Une infirmière camerounaise a déclaré : « Tous mes papiers, mon diplôme, mon permis de conduire, tout est resté aux Émirats arabes unis. Notre argent à la banque – car nous travaillons, et nous investissons – notre argent est resté là-bas. Absolument tout. Nous sommes rentrés munis de nos seuls passeports. »
Cinq personnes ont raconté que les autorités émiriennes avaient falsifié des résultats négatifs de tests PCR au COVID-19, exigés pour voyager à l’international, alors qu’en fait elles n’avaient pas été testées depuis des semaines avant leur expulsion. Amnesty International a pu examiner trois faux documents de tests, qui portent l’en-tête de la direction générale de la police d’Abou Dhabi et ne sont pas signés par un médecin.

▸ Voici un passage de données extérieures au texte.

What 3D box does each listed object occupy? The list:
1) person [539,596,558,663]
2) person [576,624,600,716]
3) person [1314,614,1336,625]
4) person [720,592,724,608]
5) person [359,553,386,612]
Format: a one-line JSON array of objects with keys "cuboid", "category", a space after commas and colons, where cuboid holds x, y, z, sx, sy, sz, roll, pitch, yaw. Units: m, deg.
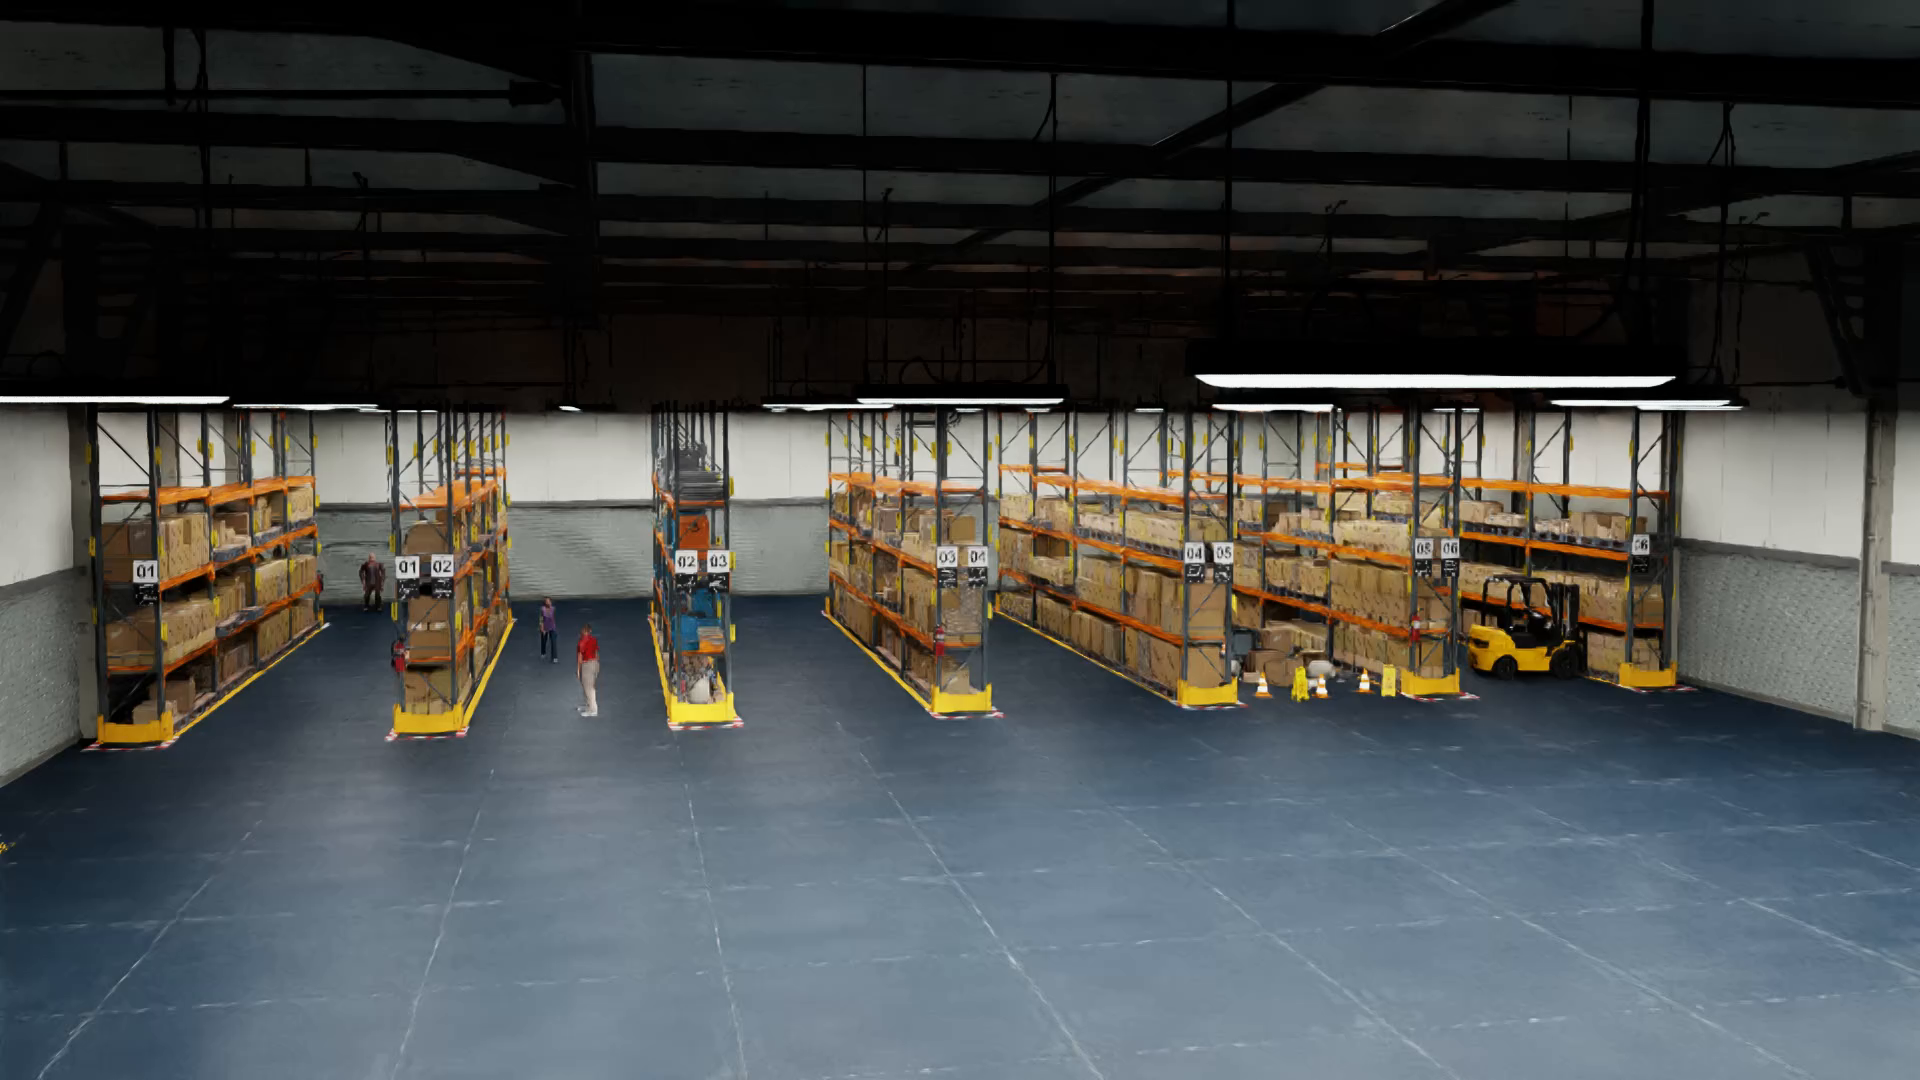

« Les Émirats arabes unis sont tenus de respecter les obligations inscrites dans le droit international coutumier et relatif aux traités interdisant la discrimination raciale et les renvois forcés massifs »

Sans aucune procédure légale et sans évaluation des cas individuels et des risques pour les personnes concernées, ces renvois s’apparentent à des expulsions collectives, qui sont prohibées par le droit international coutumier. Toute expulsion doit s’appuyer sur une évaluation individuelle, notamment du risque auquel est exposée une personne renvoyée vers un pays où elle risque de subir de graves violations des droits humains. Les personnes concernées doivent être informées des motifs de leur détention et de leur expulsion et autorisées à contester la légalité de ces mesures.

« Les autorités émiriennes doivent enquêter sur ces actes consternants en vue de restituer rapidement aux victimes leurs biens et de leur fournir des réparations pour le traitement honteux qui leur a été infligé avant leur expulsion. Les Émirats arabes unis sont tenus de respecter les obligations inscrites dans le droit international coutumier et relatif aux traités interdisant la discrimination raciale et les renvois forcés massifs », a déclaré Lynn Maalouf.